Sqoop是一个在结构化数据和Hadoop之间进行批量数据迁移的工具,结构化数据可以是MySQL、Oracle等RDBMS。Sqoop底层用MapReduce程序实现抽取、转换、加载,MapReduce天生的特性保证了并行化和高容错率,而且相比Kettle等传统ETL工具,任务跑在Hadoop集群上,减少了ETL服务器资源的使用情况。在特定场景下,抽取过程会有很大的性能提升。
MySQL中的库ecommerce有以下表,需要将以下表导入Hive中的ecommerce库中作为ODS层以后进一步处理。

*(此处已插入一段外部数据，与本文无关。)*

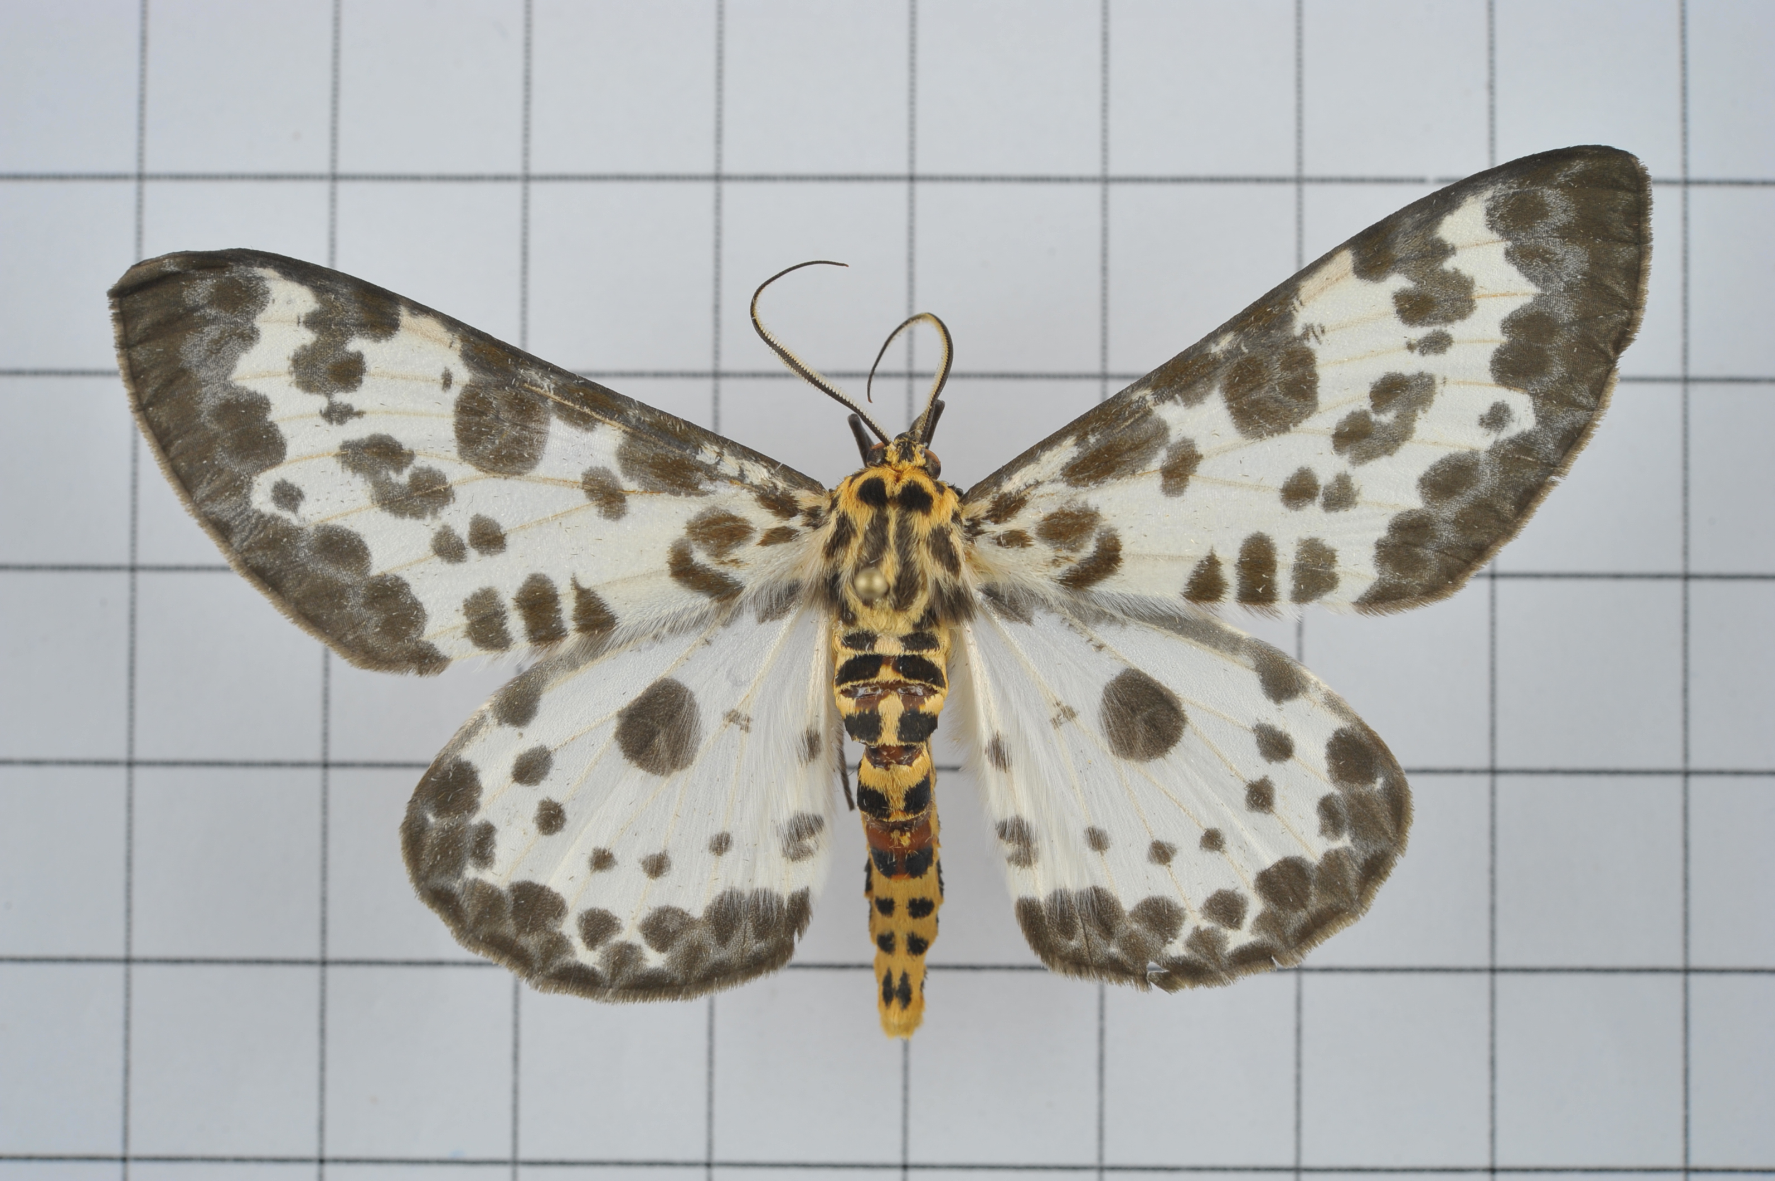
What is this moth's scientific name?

可以通过sqoop和DataX两种方式来实现数据从MySQL导入Hive功能。
在Hive里建库 ecommerce
create database ecommerce;
使用Python写入DataX配置文件批量生成脚本gen_import_config.py
# coding=utf-8
import json
import getopt
import os
import sys
import MySQLdb
#MySQL相关配置,需根据实际情况作出修改
mysql_host = "hadoop102"
mysql_port = "3306"
mysql_user = "root"
mysql_passwd = "123456"
#HDFS NameNode相关配置,需根据实际情况作出修改
hdfs_nn_host = "hadoop102"
hdfs_nn_port = "8020"
#生成配置文件的目标路径,可根据实际情况作出修改
output_path = "/opt/module/datax/job/import"
#获取mysql连接
def get_connection():
return MySQLdb.connect(host=mysql_host, port=int(mysql_port), user=mysql_user, passwd=mysql_passwd)
#获取表格的元数据 包含列名和数据类型
def get_mysql_meta(database, table):
connection = get_connection()
cursor = connection.cursor()
sql = "SELECT COLUMN_NAME,DATA_TYPE from information_schema.COLUMNS WHERE TABLE_SCHEMA=%s AND TABLE_NAME=%s ORDER BY ORDINAL_POSITION"

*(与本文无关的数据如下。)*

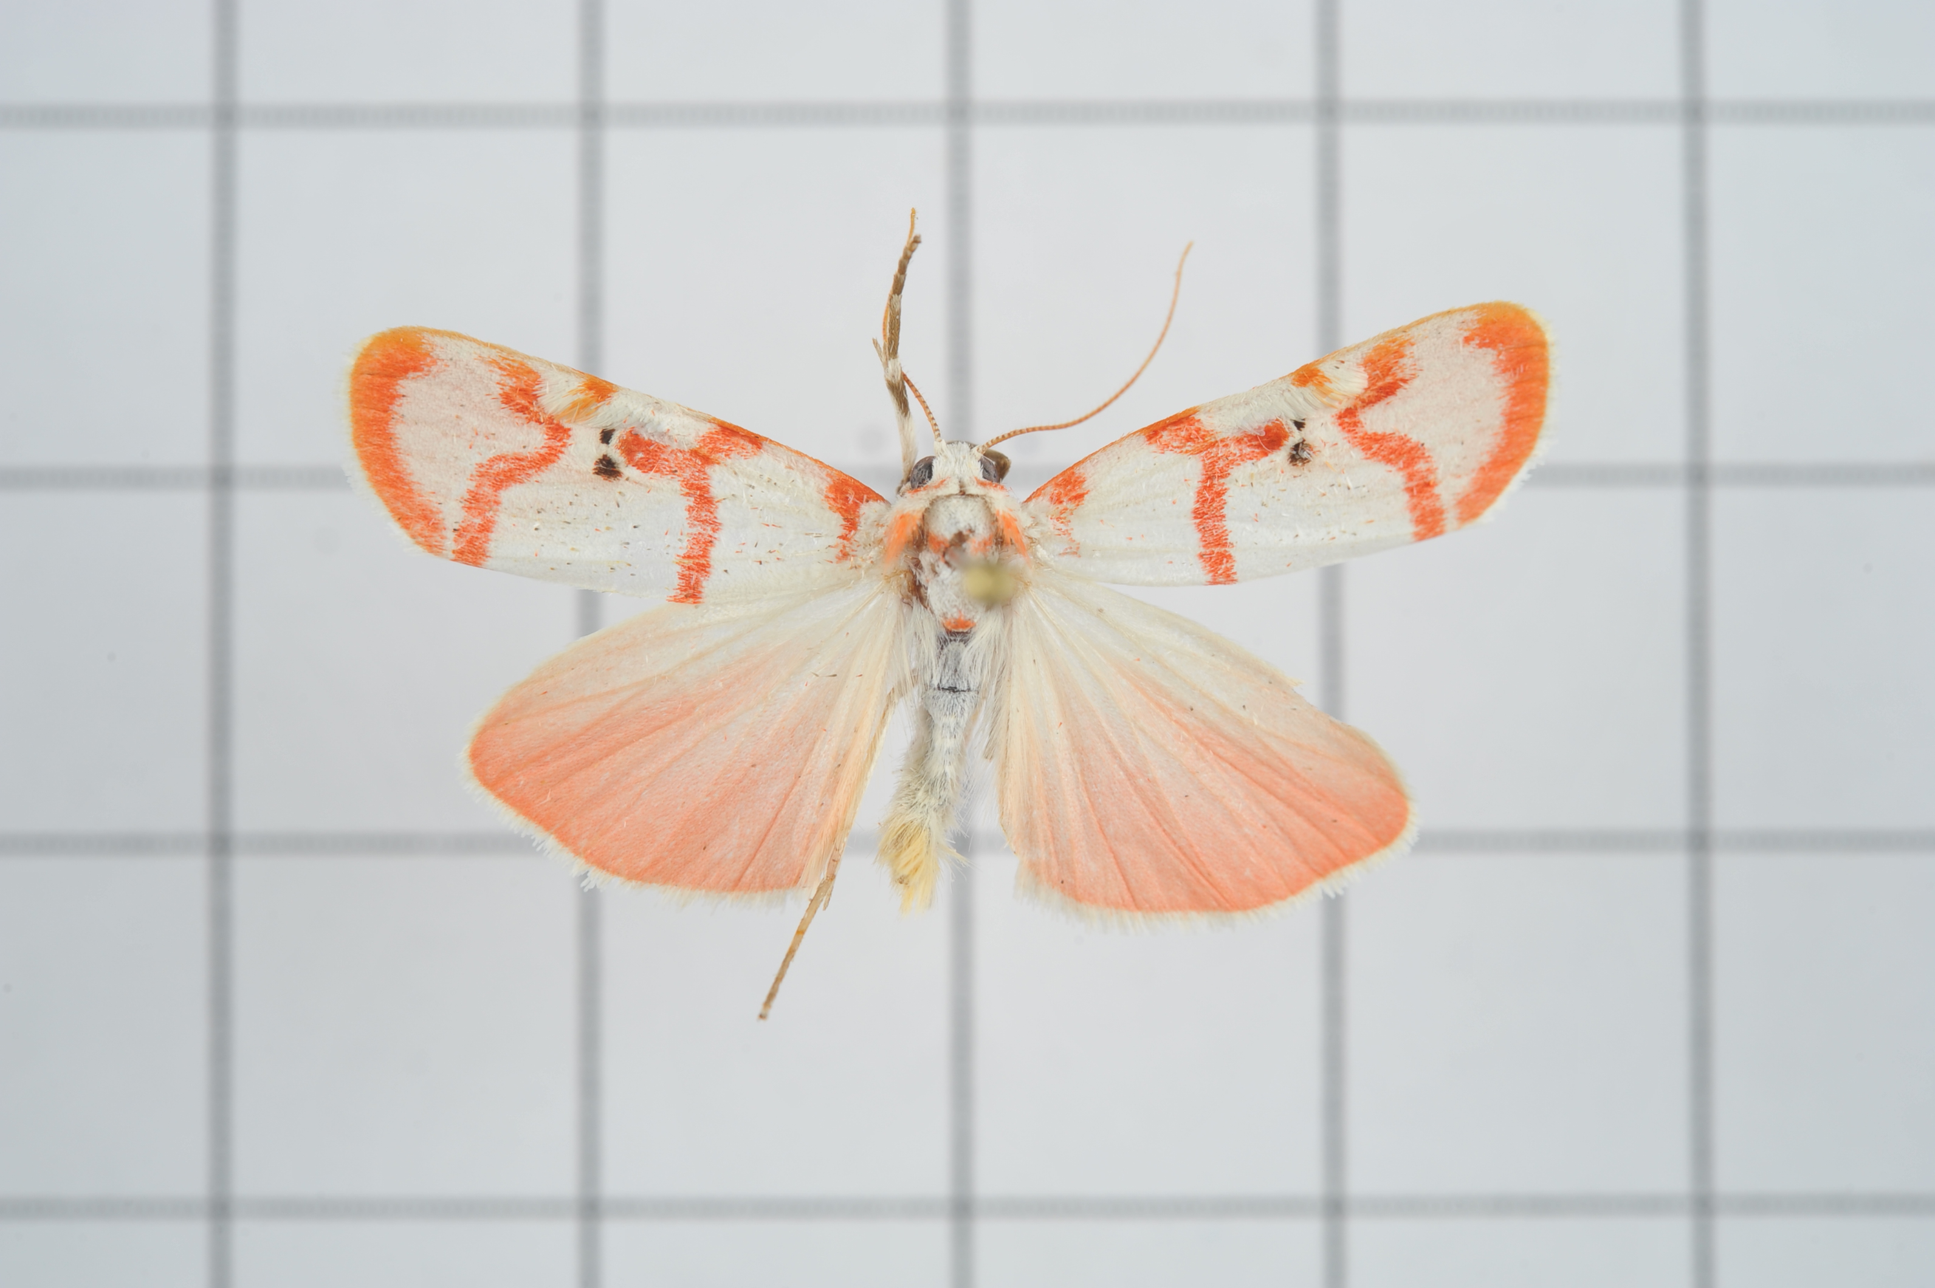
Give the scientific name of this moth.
Cyana hamata hamata
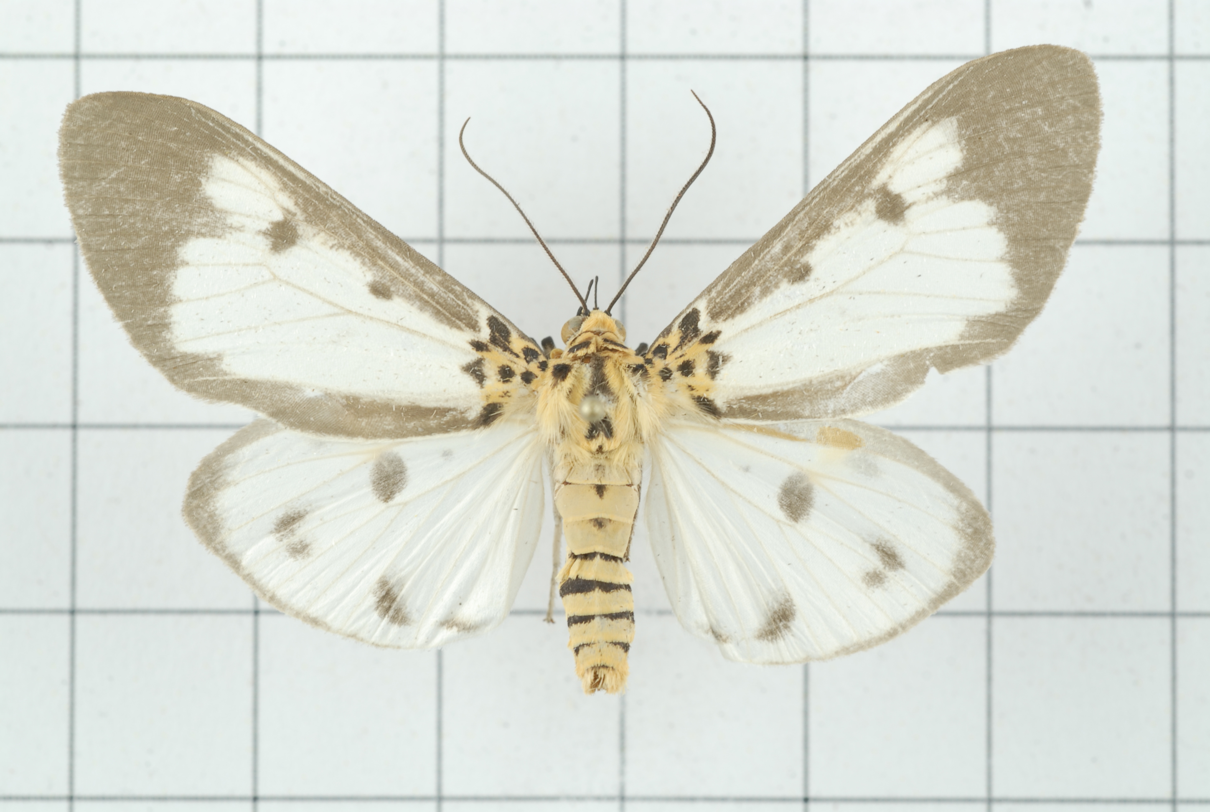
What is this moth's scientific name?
Asota plana lacteata

cursor.execute(sql, [database, table])
fetchall = cursor.fetchall()
cursor.close()
connection.close()
return fetchall
#获取mysql表的列名
def get_mysql_columns(database, table):
return map(lambda x: x[0], get_mysql_meta(database, table))

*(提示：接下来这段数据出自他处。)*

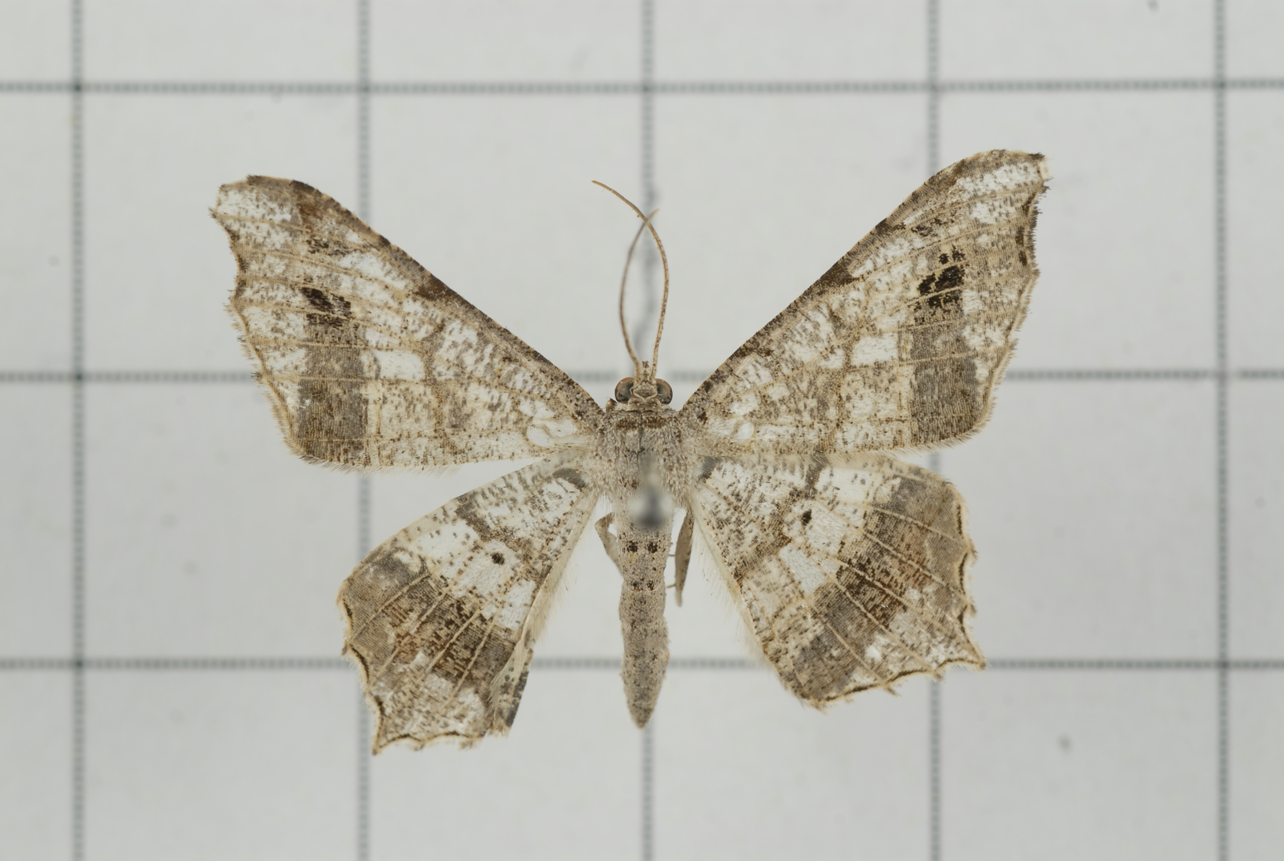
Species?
Chiasmia emersaria

#将获取的元数据中mysql的数据类型转换为hive的数据类型 写入到hdfswriter中
def get_hive_columns(database, table):
def type_mapping(mysql_type):
mappings = {
"bigint": "bigint",
"int": "bigint",
"smallint": "bigint",
"tinyint": "bigint",
"decimal": "string",
"double": "double",
"float": "float",
"binary": "string",
"char": "string",
"varchar": "string",
"datetime": "string",
"time": "string",
"timestamp": "string",
"date": "string",
"text": "string",
"tinytext": "string"
}
return mappings[mysql_type]
meta = get_mysql_meta(database, table)
return map(lambda x: {"name": x[0], "type": type_mapping(x[1].lower())}, meta)
#生成json文件
def generate_json(source_database, source_table):
job = {
"job": {
"setting": {
"speed": {
"channel": 3
},
"errorLimit": {
"record": 0,
"percentage": 0.02
}
},
"content": [{
"reader": {
"name": "mysqlreader",
"parameter": {
"username": mysql_user,
"password": mysql_passwd,
"column": get_mysql_columns(source_database, source_table),
"splitPk": "",
"connection": [{
"table": [source_table],
"jdbcUrl": ["jdbc:mysql://" + mysql_host + ":" + mysql_port + "/" + source_database]
}]
}
},
"writer": {
"name": "hdfswriter",
"parameter": {
"defaultFS": "hdfs://" + hdfs_nn_host + ":" + hdfs_nn_port,
"fileType": "text",
"path": "${targetdir}",
"fileName": source_table,
"column": get_hive_columns(source_database, source_table),
"writeMode": "append",
"fieldDelimiter": "\t",
"compress": "gzip"
}
}
}]
}
}
if not os.path.exists(output_path):
os.makedirs(output_path)
with open(os.path.join(output_path, ".".join([source_database, source_table, "json"])), "w") as f:
json.dump(job, f)
def main(args):
source_database = ""
source_table = ""
options, arguments = getopt.getopt(args, '-d:-t:', ['sourcedb=', 'sourcetbl='])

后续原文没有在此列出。